▸ **PROVIDED ENTRIES**:

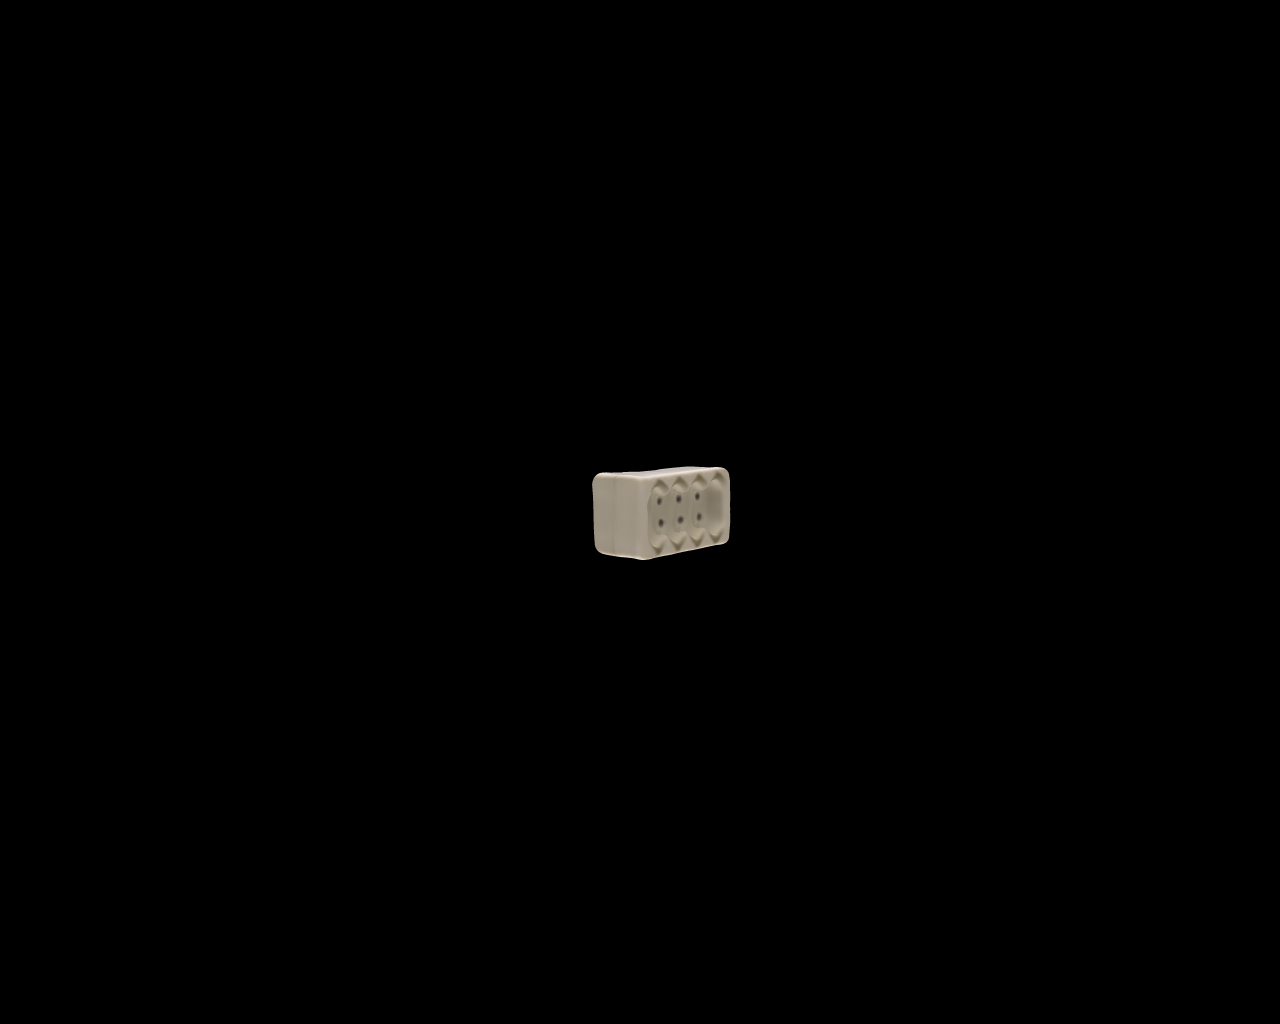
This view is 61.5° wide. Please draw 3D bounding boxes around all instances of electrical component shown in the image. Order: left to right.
[{"bbox_3d":[0.001,-0.003,0.650,0.076,0.047,0.083,6,9,43],"label":"electrical component"}]
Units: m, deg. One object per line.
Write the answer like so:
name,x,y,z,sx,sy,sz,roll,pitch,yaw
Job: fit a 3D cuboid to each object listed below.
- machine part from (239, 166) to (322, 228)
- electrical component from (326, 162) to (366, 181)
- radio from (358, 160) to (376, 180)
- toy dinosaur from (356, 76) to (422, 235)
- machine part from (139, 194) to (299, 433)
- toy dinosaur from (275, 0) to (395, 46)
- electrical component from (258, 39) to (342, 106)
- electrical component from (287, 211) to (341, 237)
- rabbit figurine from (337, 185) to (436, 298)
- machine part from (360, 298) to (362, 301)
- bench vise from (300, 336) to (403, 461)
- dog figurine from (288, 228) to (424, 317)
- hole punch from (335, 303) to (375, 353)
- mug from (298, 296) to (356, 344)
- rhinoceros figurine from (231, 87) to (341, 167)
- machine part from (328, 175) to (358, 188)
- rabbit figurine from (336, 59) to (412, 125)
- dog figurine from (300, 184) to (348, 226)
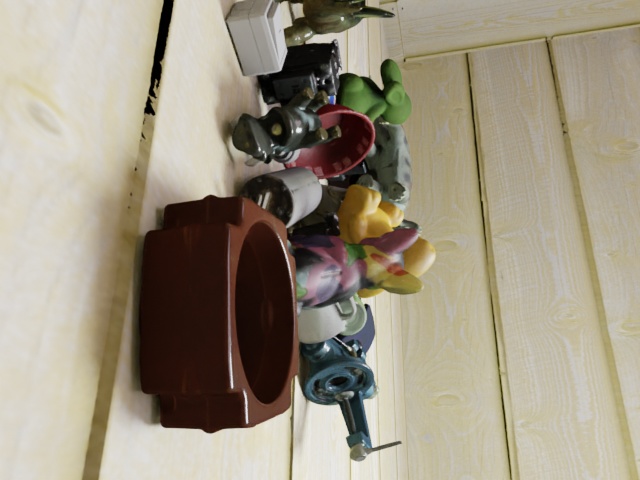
machine part,-0.050,-0.057,0.738,0.243,0.079,0.079,-47,131,-73
electrical component,0.025,-0.146,1.001,0.074,0.119,0.048,55,33,-62
radio,0.132,-0.218,1.346,0.131,0.073,0.229,-45,131,-74
toy dinosaur,0.157,-0.156,1.216,0.192,0.131,0.405,42,49,-62
machine part,-0.087,0.069,0.513,0.201,0.087,0.201,37,49,-74
toy dinosaur,0.020,-0.393,0.896,0.471,0.199,0.104,-76,154,-59
electrical component,-0.028,-0.252,0.816,0.134,0.115,0.058,-80,159,-53
electrical component,-0.019,-0.010,0.821,0.078,0.102,0.045,-89,166,-69
rabbit figurine,0.094,0.011,0.844,0.162,0.173,0.121,-54,143,-8
machine part,0.067,0.098,1.189,0.139,0.039,0.084,146,-71,-82
bench vise,0.049,0.267,0.913,0.241,0.129,0.223,-106,172,-48
dog figurine,0.023,0.040,0.710,0.191,0.219,0.108,-6,88,-78
hole punch,0.064,0.200,1.129,0.116,0.092,0.142,-76,162,-45
mug,-0.004,0.095,0.839,0.107,0.110,0.081,68,26,-17
rhinoceros figurine,-0.046,-0.149,0.714,0.190,0.112,0.073,-34,106,-62
machine part,0.060,-0.139,1.299,0.179,0.056,0.179,-4,90,-77
rabbit figurine,0.112,-0.288,1.085,0.159,0.170,0.121,123,-35,-55
dog figurine,0.002,-0.002,0.937,0.172,0.121,0.190,9,95,-42
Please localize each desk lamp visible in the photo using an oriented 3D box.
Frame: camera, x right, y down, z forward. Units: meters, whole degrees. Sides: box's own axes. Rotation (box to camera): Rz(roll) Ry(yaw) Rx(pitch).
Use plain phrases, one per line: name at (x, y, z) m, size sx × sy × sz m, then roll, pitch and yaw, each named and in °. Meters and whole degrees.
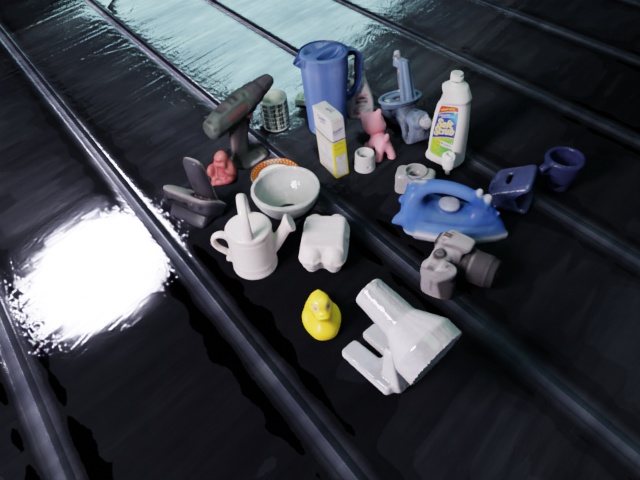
desk lamp at (0.131, 0.175, 0.983) m, size 0.118 × 0.214 × 0.202 m, roll -35°, pitch 52°, yaw -27°

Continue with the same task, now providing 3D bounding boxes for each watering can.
watering can at (-0.143, -0.018, 1.217) m, size 0.173 × 0.194 × 0.100 m, roll -23°, pitch 47°, yaw -18°

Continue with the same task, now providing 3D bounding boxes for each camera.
camera at (0.293, 0.051, 1.175) m, size 0.136 × 0.101 × 0.143 m, roll 22°, pitch 51°, yaw 25°

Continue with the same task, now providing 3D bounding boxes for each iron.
iron at (0.296, -0.077, 1.276) m, size 0.257 × 0.142 × 0.119 m, roll 9°, pitch 46°, yaw 14°

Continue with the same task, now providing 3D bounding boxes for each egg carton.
egg carton at (0.012, 0.005, 1.269) m, size 0.107 × 0.069 × 0.150 m, roll 0°, pitch 45°, yaw 6°

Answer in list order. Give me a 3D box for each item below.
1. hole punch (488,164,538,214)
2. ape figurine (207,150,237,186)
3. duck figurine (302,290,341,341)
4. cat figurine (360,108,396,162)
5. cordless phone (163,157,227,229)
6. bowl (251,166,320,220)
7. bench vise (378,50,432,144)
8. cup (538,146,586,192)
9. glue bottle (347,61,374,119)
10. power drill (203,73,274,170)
hole punch at (0.452, -0.127, 1.349) m, size 0.100 × 0.091 × 0.109 m, roll 15°, pitch 48°, yaw 20°
ape figurine at (-0.251, -0.189, 1.473) m, size 0.077 × 0.092 × 0.076 m, roll 28°, pitch 53°, yaw 29°
duck figurine at (0.001, 0.134, 1.127) m, size 0.077 × 0.086 × 0.104 m, roll -10°, pitch 45°, yaw -5°
cat figurine at (0.153, -0.288, 1.519) m, size 0.067 × 0.118 × 0.127 m, roll -17°, pitch 46°, yaw -12°
cordless phone at (-0.308, -0.132, 1.354) m, size 0.147 × 0.185 × 0.094 m, roll 17°, pitch 49°, yaw 21°
bowl at (-0.080, -0.101, 1.381) m, size 0.167 × 0.075 × 0.167 m, roll -2°, pitch 45°, yaw 3°
bench vise at (0.243, -0.386, 1.538) m, size 0.122 × 0.220 × 0.206 m, roll -35°, pitch 52°, yaw -27°
cup at (0.566, -0.158, 1.368) m, size 0.118 × 0.095 × 0.091 m, roll -21°, pitch 47°, yaw -15°
glue bottle at (0.114, -0.428, 1.626) m, size 0.078 × 0.173 × 0.037 m, roll -12°, pitch 45°, yaw -7°
power drill at (-0.197, -0.301, 1.498) m, size 0.075 × 0.209 × 0.230 m, roll 29°, pitch 54°, yaw 30°
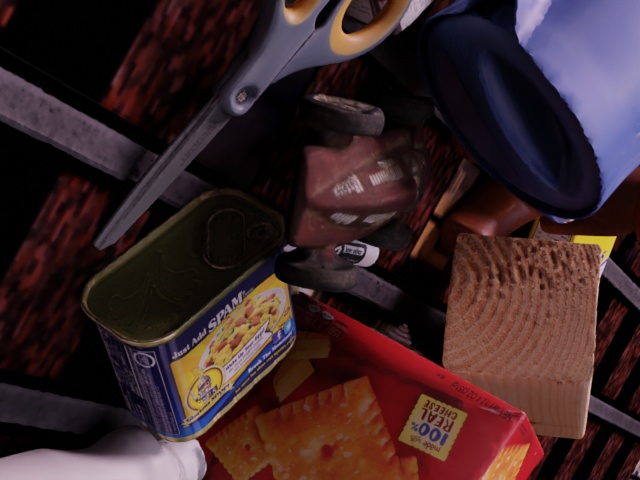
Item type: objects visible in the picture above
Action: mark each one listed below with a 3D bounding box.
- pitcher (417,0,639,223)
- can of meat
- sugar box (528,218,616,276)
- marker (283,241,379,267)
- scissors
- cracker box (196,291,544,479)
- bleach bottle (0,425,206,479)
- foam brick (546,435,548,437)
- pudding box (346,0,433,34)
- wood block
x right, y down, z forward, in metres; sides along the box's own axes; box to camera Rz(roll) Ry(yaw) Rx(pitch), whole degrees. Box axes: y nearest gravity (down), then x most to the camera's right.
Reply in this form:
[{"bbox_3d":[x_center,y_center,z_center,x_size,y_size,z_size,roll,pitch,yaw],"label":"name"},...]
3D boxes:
[{"bbox_3d":[0.184,-0.126,0.589,0.242,0.145,0.149,-39,-177,-13],"label":"pitcher"},{"bbox_3d":[-0.059,0.038,0.528,0.102,0.058,0.084,-41,144,-29],"label":"can of meat"},{"bbox_3d":[0.210,-0.010,0.871,0.093,0.048,0.176,-12,122,-50],"label":"sugar box"},{"bbox_3d":[-0.004,0.001,0.609,0.120,0.020,0.020,11,105,-56],"label":"marker"},{"bbox_3d":[-0.022,-0.071,0.498,0.096,0.016,0.202,12,116,-51],"label":"scissors"},{"bbox_3d":[-0.006,0.152,0.586,0.213,0.164,0.072,-52,144,-15],"label":"cracker box"},{"bbox_3d":[-0.147,0.139,0.481,0.250,0.068,0.103,-21,130,-49],"label":"bleach bottle"},{"bbox_3d":[0.163,0.112,0.868,0.051,0.078,0.053,-53,146,-8],"label":"foam brick"},{"bbox_3d":[0.051,-0.173,0.536,0.113,0.039,0.090,-50,145,-20],"label":"pudding box"},{"bbox_3d":[0.142,0.074,0.738,0.206,0.091,0.090,59,37,-67],"label":"wood block"}]
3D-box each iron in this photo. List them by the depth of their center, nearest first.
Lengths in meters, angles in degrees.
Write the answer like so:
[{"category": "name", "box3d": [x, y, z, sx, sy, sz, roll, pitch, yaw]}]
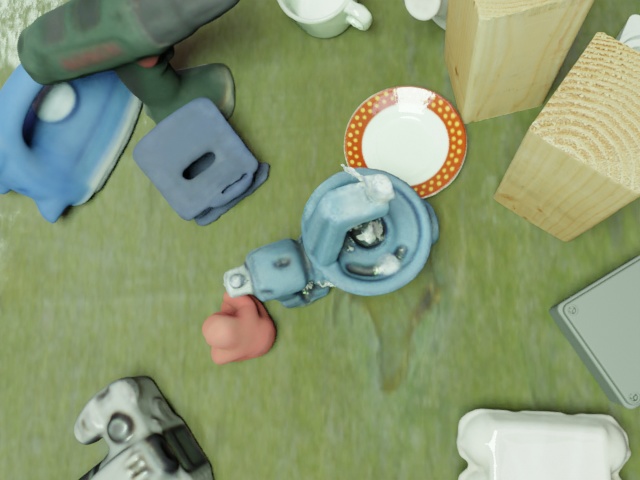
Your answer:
[{"category": "iron", "box3d": [-0.285, -0.157, 0.627, 0.118, 0.141, 0.258, 26, 85, 13]}]

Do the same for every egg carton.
[{"category": "egg carton", "box3d": [0.201, 0.210, 0.520, 0.150, 0.069, 0.107, -1, 80, 9]}]

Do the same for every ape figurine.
[{"category": "ape figurine", "box3d": [-0.088, 0.090, 0.576, 0.076, 0.092, 0.078, 31, 86, 13]}]

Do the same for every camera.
[{"category": "camera", "box3d": [-0.203, 0.229, 0.567, 0.137, 0.101, 0.143, -39, 76, 1]}]

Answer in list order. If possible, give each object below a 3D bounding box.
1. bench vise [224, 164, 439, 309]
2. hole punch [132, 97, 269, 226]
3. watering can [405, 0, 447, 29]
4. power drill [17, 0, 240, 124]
[{"category": "bench vise", "box3d": [0.012, 0.011, 0.508, 0.207, 0.220, 0.121, -39, 76, 1]}, {"category": "hole punch", "box3d": [-0.125, -0.082, 0.613, 0.108, 0.091, 0.101, -38, 76, 2]}, {"category": "watering can", "box3d": [0.150, -0.283, 0.549, 0.100, 0.194, 0.173, 16, 83, 12]}, {"category": "power drill", "box3d": [-0.162, -0.186, 0.577, 0.229, 0.208, 0.075, -9, 79, 8]}]
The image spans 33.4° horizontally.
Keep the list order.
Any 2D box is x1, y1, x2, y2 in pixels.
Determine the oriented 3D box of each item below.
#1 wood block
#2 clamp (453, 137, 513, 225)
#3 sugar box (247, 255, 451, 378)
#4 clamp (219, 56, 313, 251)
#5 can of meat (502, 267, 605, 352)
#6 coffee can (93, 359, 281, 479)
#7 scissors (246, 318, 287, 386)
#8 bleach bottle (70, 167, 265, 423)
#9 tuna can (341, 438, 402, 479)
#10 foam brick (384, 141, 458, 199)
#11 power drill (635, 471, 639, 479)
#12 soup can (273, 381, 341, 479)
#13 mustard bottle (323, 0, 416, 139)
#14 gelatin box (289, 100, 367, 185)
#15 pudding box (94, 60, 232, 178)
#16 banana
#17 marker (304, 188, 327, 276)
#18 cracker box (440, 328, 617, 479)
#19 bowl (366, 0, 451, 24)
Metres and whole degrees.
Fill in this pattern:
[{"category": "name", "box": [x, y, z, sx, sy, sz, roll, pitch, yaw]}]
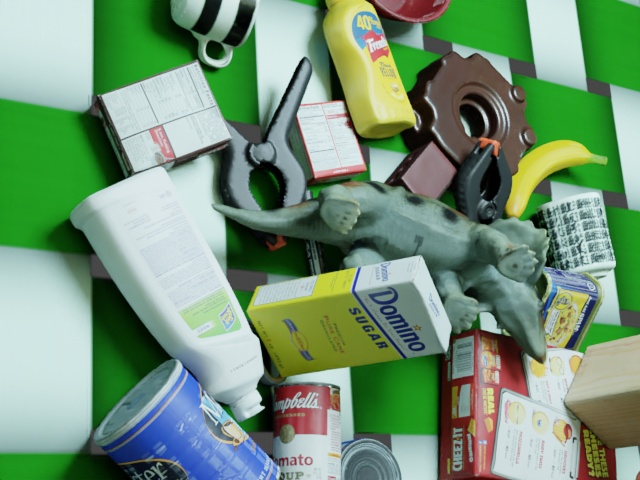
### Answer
[{"category": "wood block", "box": [0.382, 0.157, 1.156, 0.090, 0.207, 0.090, 45, 55, -16]}, {"category": "clamp", "box": [0.194, -0.031, 1.253, 0.120, 0.039, 0.171, 7, 103, -41]}, {"category": "sugar box", "box": [0.028, 0.077, 1.029, 0.093, 0.176, 0.048, 64, 29, -29]}, {"category": "clamp", "box": [-0.076, -0.092, 1.123, 0.164, 0.036, 0.210, -3, 82, -19]}, {"category": "can of meat", "box": [0.275, 0.083, 1.268, 0.083, 0.057, 0.102, 11, 111, -28]}, {"category": "coffee can", "box": [-0.119, 0.193, 0.963, 0.140, 0.103, 0.102, 48, 55, -11]}, {"category": "scissors", "box": [-0.109, 0.075, 1.063, 0.201, 0.016, 0.096, 51, 54, -9]}, {"category": "bleach bottle", "box": [-0.132, 0.060, 1.012, 0.102, 0.068, 0.251, -28, 88, -34]}, {"category": "tuna can", "box": [0.042, 0.247, 1.095, 0.086, 0.034, 0.086, 12, 67, -30]}, {"category": "foam brick", "box": [0.112, -0.066, 1.235, 0.051, 0.053, 0.078, 48, 53, -11]}, {"category": "power drill", "box": [0.300, 0.290, 1.148, 0.184, 0.188, 0.057, 23, 53, -38]}, {"category": "soup can", "box": [-0.013, 0.196, 1.054, 0.068, 0.069, 0.102, 12, 68, -30]}, {"category": "mustard bottle", "box": [0.049, -0.215, 1.235, 0.096, 0.058, 0.191, -6, 75, -56]}, {"category": "gelatin box", "box": [0.004, -0.110, 1.192, 0.073, 0.030, 0.089, -11, 79, -35]}, {"category": "pudding box", "box": [-0.156, -0.119, 1.066, 0.113, 0.039, 0.090, -23, 87, -21]}, {"category": "banana", "box": [0.281, -0.085, 1.350, 0.197, 0.070, 0.037, -30, 133, -32]}, {"category": "marker", "box": [-0.008, 0.001, 1.154, 0.020, 0.020, 0.121, -3, 76, -34]}, {"category": "cracker box", "box": [0.237, 0.203, 1.217, 0.213, 0.072, 0.164, 15, 67, -30]}, {"category": "bowl", "box": [0.085, -0.328, 1.302, 0.161, 0.055, 0.162, 11, 68, -31]}]

▸ **WHAT IS EXPECTED**:
From the records above, retype only the lines starting at the line that contains "#8 bleach bottle (70, 167, 265, 423)" and ending at the line that contains "#14 gelatin box (289, 100, 367, 185)", both included.

▸ **ANSWER FOR THIS EXERCISE**:
#8 bleach bottle (70, 167, 265, 423)
#9 tuna can (341, 438, 402, 479)
#10 foam brick (384, 141, 458, 199)
#11 power drill (635, 471, 639, 479)
#12 soup can (273, 381, 341, 479)
#13 mustard bottle (323, 0, 416, 139)
#14 gelatin box (289, 100, 367, 185)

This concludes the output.